DETAIL: Table contains duplicated values.
The index is defined as:
<table info here>
Indexes:
"rank_details_pkey" PRIMARY KEY, btree (user_id)
And, oddly,
SELECT user_id, COUNT(*) FROM <table name> GROUP BY 1 HAVING COUNT(*) > 1;
user_id | count
---------+-------
(0 rows)
To conclude - I have duplicate values in my table which can not be found or cleared.
Any ideas how to fix this?
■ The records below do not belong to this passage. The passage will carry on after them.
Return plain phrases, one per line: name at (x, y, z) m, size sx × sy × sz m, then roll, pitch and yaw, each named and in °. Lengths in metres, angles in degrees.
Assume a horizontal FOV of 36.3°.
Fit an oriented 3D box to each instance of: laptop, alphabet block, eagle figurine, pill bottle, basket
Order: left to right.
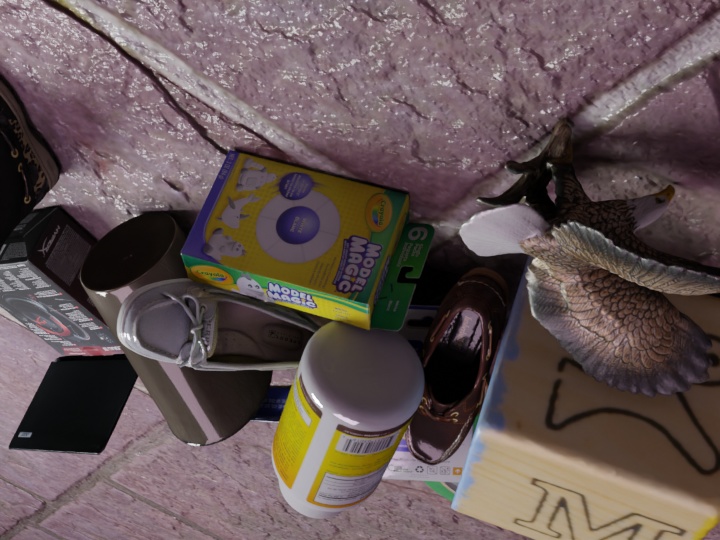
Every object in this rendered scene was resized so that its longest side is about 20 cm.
laptop at (-0.289, 0.150, 1.311) m, size 0.175 × 0.105 × 0.199 m, roll -4°, pitch 179°, yaw 37°
basket at (-0.193, 0.051, 1.145) m, size 0.134 × 0.182 × 0.201 m, roll -22°, pitch 126°, yaw 8°
pill bottle at (-0.018, 0.141, 0.980) m, size 0.108 × 0.110 × 0.201 m, roll 22°, pitch 138°, yaw 0°
alphabet block at (0.206, 0.124, 0.948) m, size 0.197 × 0.198 × 0.197 m, roll 18°, pitch 152°, yaw 8°
eagle figurine at (0.185, -0.008, 0.794) m, size 0.151 × 0.201 × 0.151 m, roll -41°, pitch 159°, yaw 17°

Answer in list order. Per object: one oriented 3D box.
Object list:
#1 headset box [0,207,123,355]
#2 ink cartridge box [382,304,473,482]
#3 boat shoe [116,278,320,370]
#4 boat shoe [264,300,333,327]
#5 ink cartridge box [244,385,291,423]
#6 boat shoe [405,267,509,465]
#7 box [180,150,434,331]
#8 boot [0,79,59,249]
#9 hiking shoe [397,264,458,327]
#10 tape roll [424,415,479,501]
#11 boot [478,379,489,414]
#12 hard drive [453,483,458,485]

This is a production server, so all fixes should be done without affecting service.
-
2You might want to look at the plan of the grouping query to check that it doesn't use the index.Peter Eisentraut– Peter Eisentraut2011年08月18日 18:37:36 +00:00Commented Aug 18, 2011 at 18:37
1 Answer 1
There are various ways this can happen in Oracle - I'm not sure about postgres, but I think I would call this an "integrity violation" rather than "corruption"
Perhaps you can do one of the things suggested here, ie set enable_indexscan = off
or
begin;
drop index rank_details_pkey;
select user_id, count(*) from rank_details group by user_id having count(*) > 1;
rollback;
But "there are likely some locking issues with this, so be careful with it in production"
The idea is to force the query to scan the table rather than just the index (which does not have the duplicates). You may also, and more simply, be able to acheive the same by:
select user_id, f(<some other column>), count(*)
from rank_details
group by user_id, f(<some other column>)
having count(*) > 1
where f() returns a constant, which may trick the planner into a table scan.